▶ _DATASET EXTRACT_
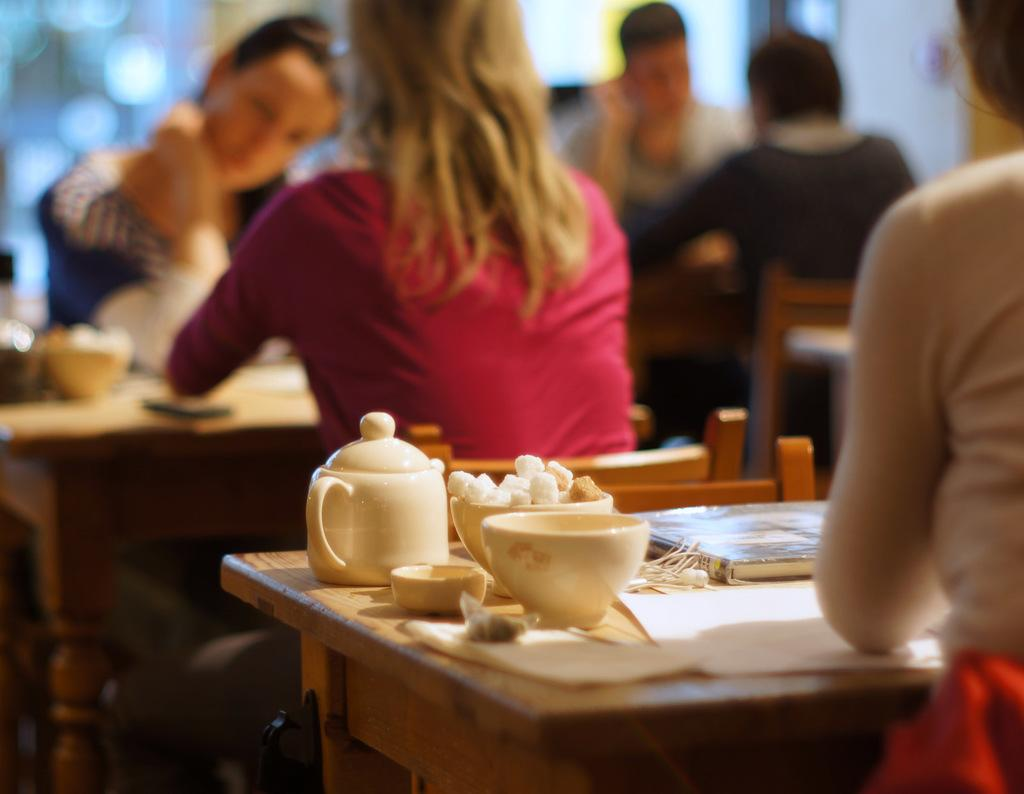What are the people in the image doing? The persons in the image are sitting on chairs. What is on the table in the image? There are bowls, a kettle, a book, a headset, and paper on the table. How many chairs are visible in the image? There are chairs in the image. What is the purpose of the headset on the table? The purpose of the headset on the table is not specified in the image, but it is commonly used for audio communication or entertainment. Can you see a crow using a wing to stir the contents of the kettle in the image? There is no crow or wing present in the image, and the kettle is not being stirred. 
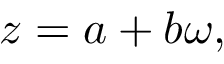<formula> <loc_0><loc_0><loc_500><loc_500>z = a + b \omega ,</formula> 
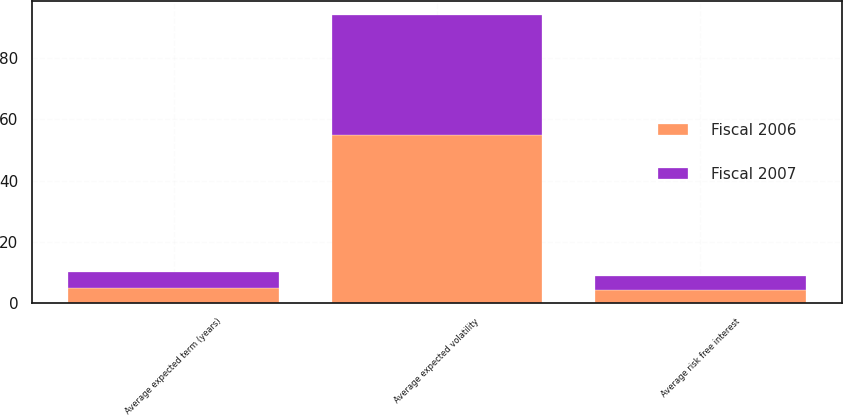Convert chart. <chart><loc_0><loc_0><loc_500><loc_500><stacked_bar_chart><ecel><fcel>Average risk free interest<fcel>Average expected term (years)<fcel>Average expected volatility<nl><fcel>Fiscal 2007<fcel>4.46<fcel>5.11<fcel>39<nl><fcel>Fiscal 2006<fcel>4.5<fcel>5<fcel>55<nl></chart> 
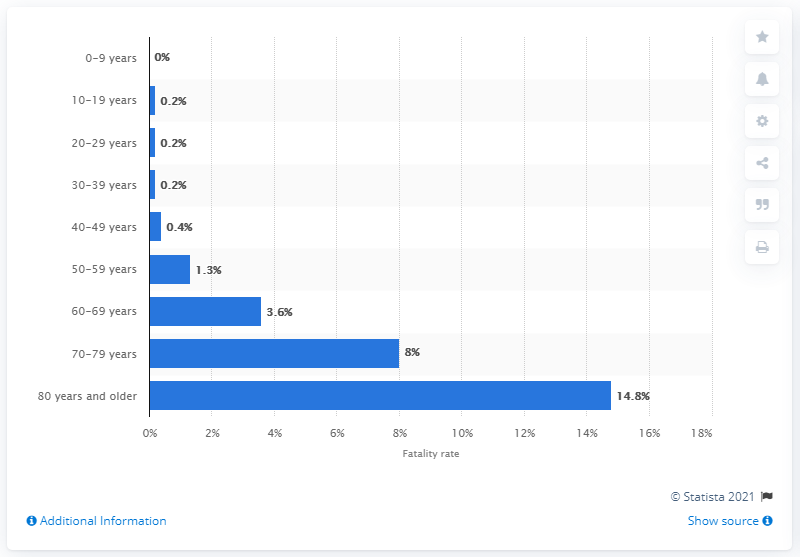Outline some significant characteristics in this image. As of February 11, 2020, the fatality rate of patients aged 80 and older was 14.8%. 
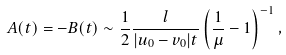Convert formula to latex. <formula><loc_0><loc_0><loc_500><loc_500>A ( t ) = - B ( t ) \sim \frac { 1 } { 2 } \frac { l } { | u _ { 0 } - v _ { 0 } | t } \left ( \frac { 1 } { \mu } - 1 \right ) ^ { - 1 } ,</formula> 
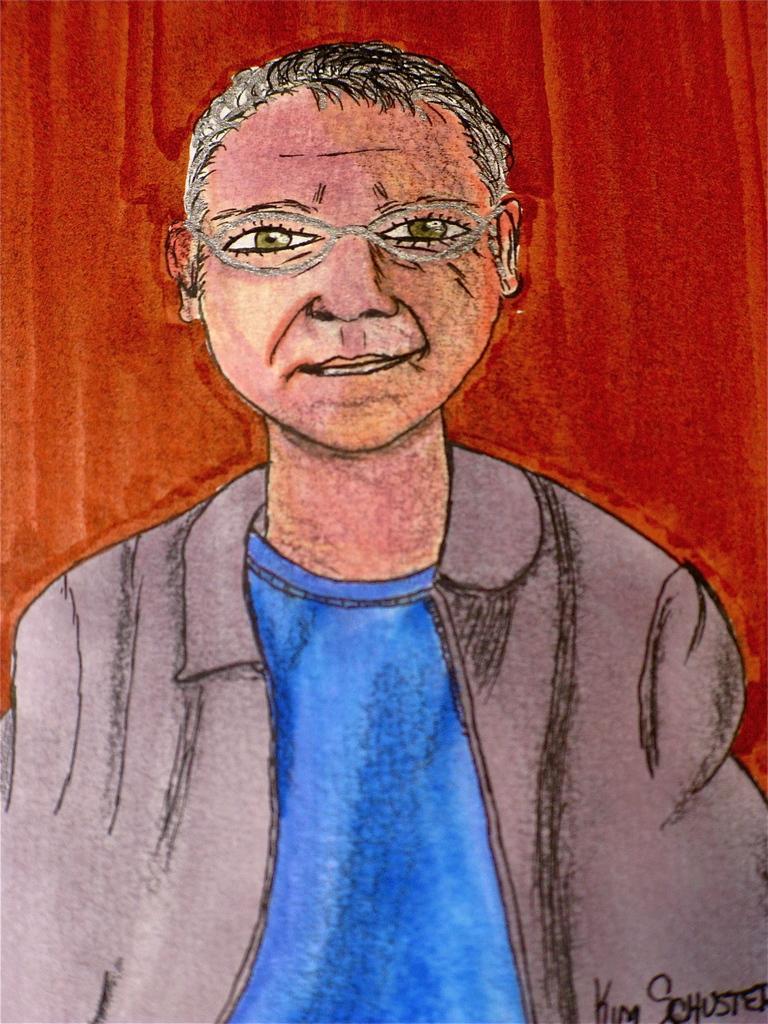Can you describe this image briefly? In this image I can see the sketch of a person. This person is wearing a jacket and smiling. The background is in red color. 
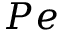<formula> <loc_0><loc_0><loc_500><loc_500>P e</formula> 
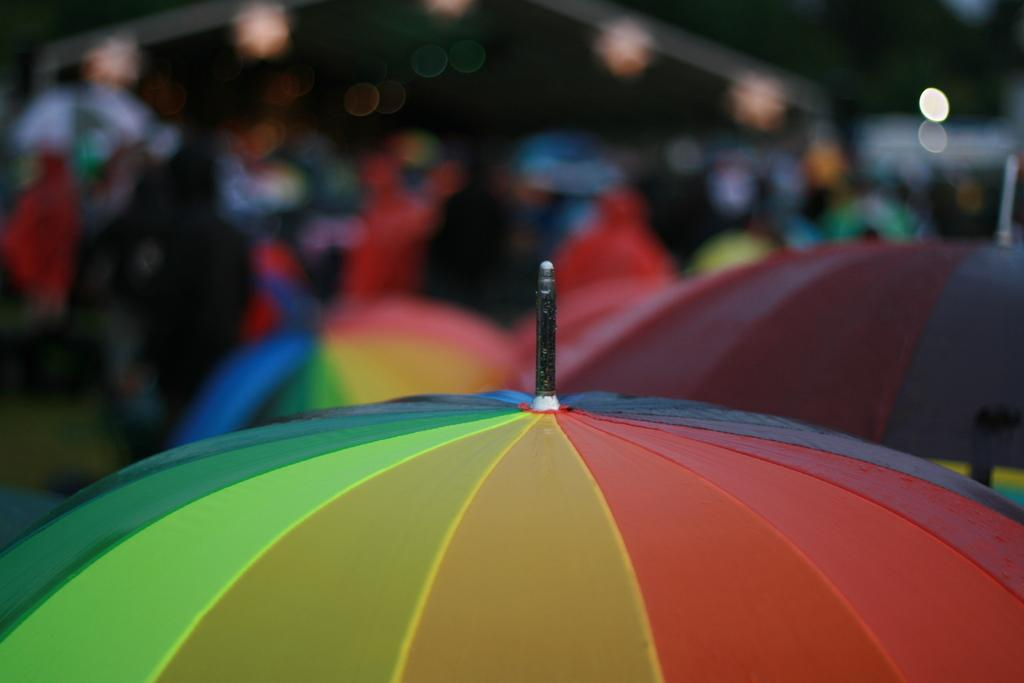What objects can be seen in the image? There are umbrellas in the image. Can you describe the background of the image? The background of the image is blurry. How many twigs are present in the image? There are no twigs present in the image; it only features umbrellas. What is the appropriate way to say good-bye to the umbrellas in the image? There is no need to say good-bye to the umbrellas in the image, as they are not sentient beings. 
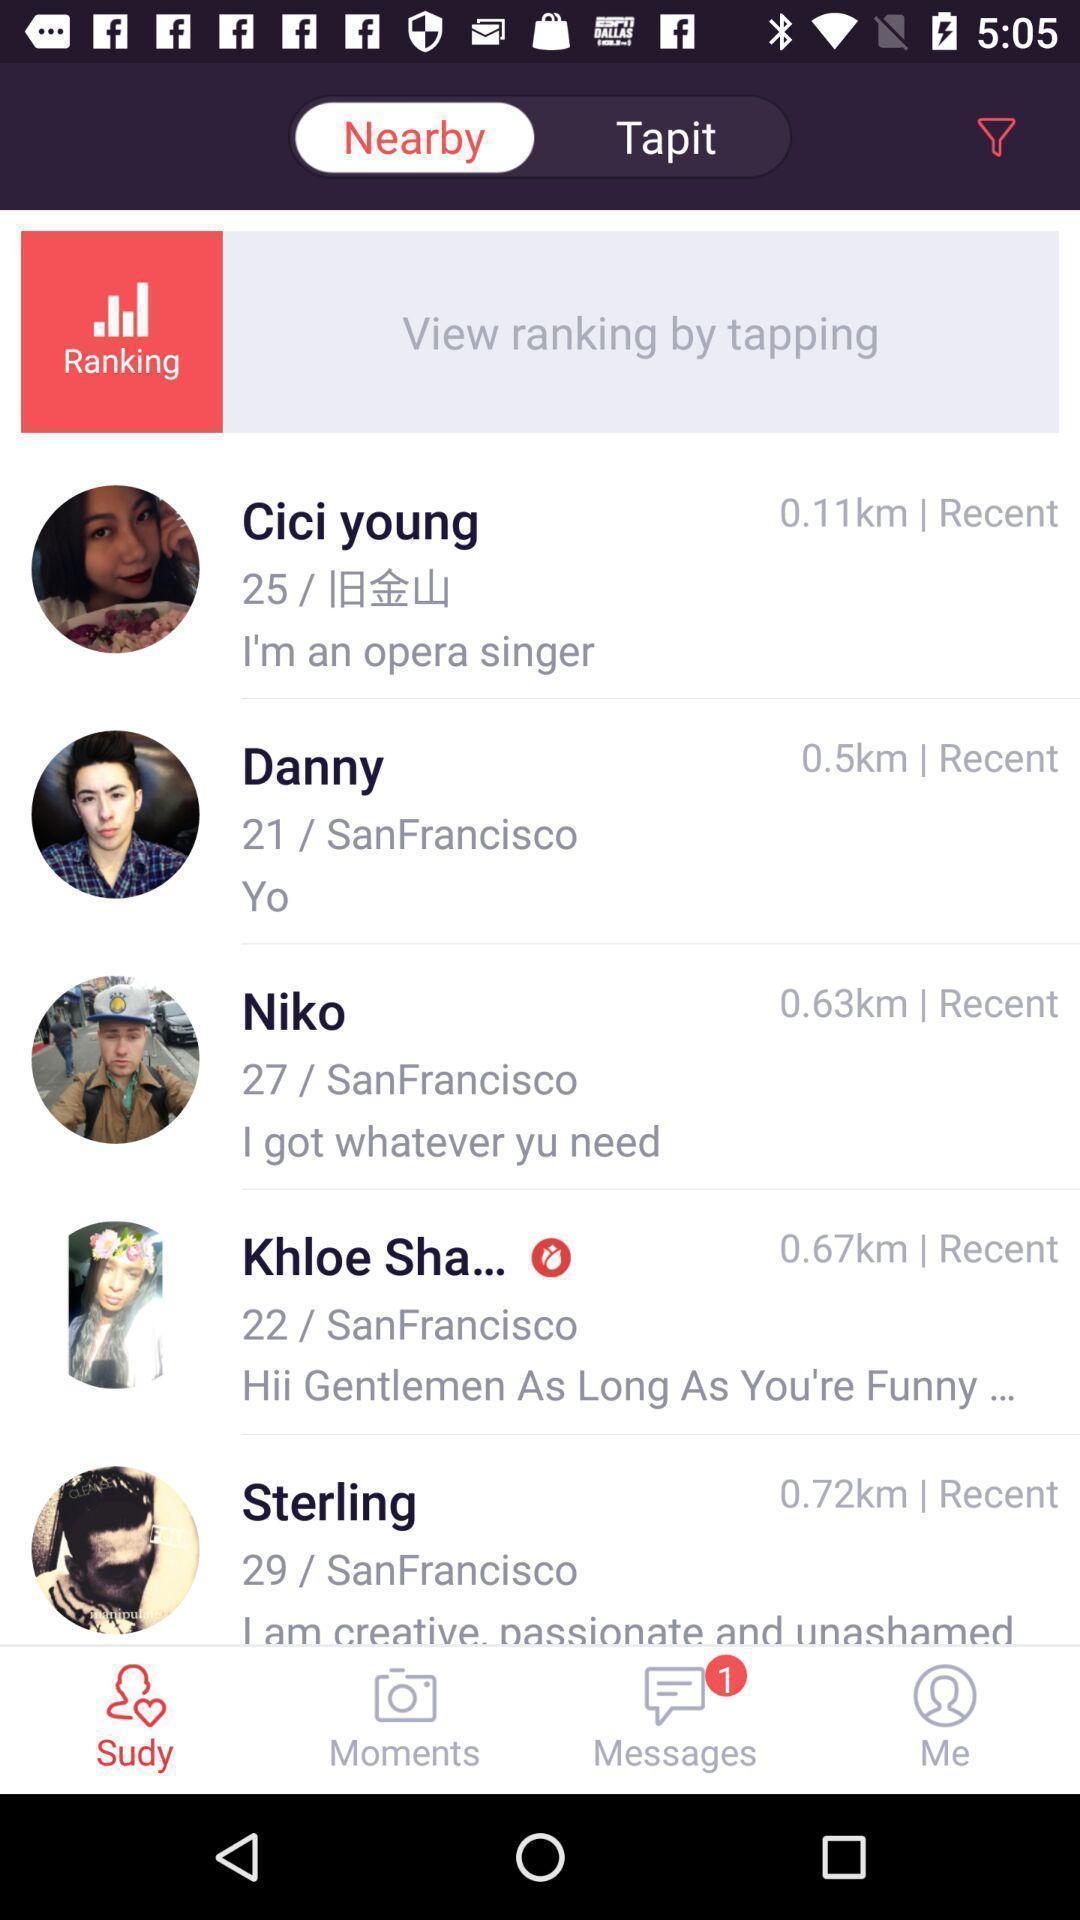Tell me what you see in this picture. Screen displaying multiple users profile information.

▶ _EXERCISE_
Keep the pictures out of the copy and write out the data exactly as it stands.

▶ _TASK RESPONSE_
What are the people in the image doing? The persons in the image are sitting on chairs. What is on the table in the image? There are bowls, a kettle, a book, a headset, and paper on the table. How many chairs are visible in the image? There are chairs in the image. What is the purpose of the headset on the table? The purpose of the headset on the table is not specified in the image, but it is commonly used for audio communication or entertainment. Can you see a crow using a wing to stir the contents of the kettle in the image? There is no crow or wing present in the image, and the kettle is not being stirred. 
<formula> <loc_0><loc_0><loc_500><loc_500>z = a + b \omega ,</formula> 
Convert chart. <chart><loc_0><loc_0><loc_500><loc_500><stacked_bar_chart><ecel><fcel>Average risk free interest<fcel>Average expected term (years)<fcel>Average expected volatility<nl><fcel>Fiscal 2007<fcel>4.46<fcel>5.11<fcel>39<nl><fcel>Fiscal 2006<fcel>4.5<fcel>5<fcel>55<nl></chart> 
Outline some significant characteristics in this image. As of February 11, 2020, the fatality rate of patients aged 80 and older was 14.8%. 
Convert formula to latex. <formula><loc_0><loc_0><loc_500><loc_500>A ( t ) = - B ( t ) \sim \frac { 1 } { 2 } \frac { l } { | u _ { 0 } - v _ { 0 } | t } \left ( \frac { 1 } { \mu } - 1 \right ) ^ { - 1 } ,</formula> 
Can you describe this image briefly? In this image I can see the sketch of a person. This person is wearing a jacket and smiling. The background is in red color. 
<formula> <loc_0><loc_0><loc_500><loc_500>P e</formula> 
What objects can be seen in the image? There are umbrellas in the image. Can you describe the background of the image? The background of the image is blurry. How many twigs are present in the image? There are no twigs present in the image; it only features umbrellas. What is the appropriate way to say good-bye to the umbrellas in the image? There is no need to say good-bye to the umbrellas in the image, as they are not sentient beings. 
Tell me what you see in this picture. Screen displaying multiple users profile information.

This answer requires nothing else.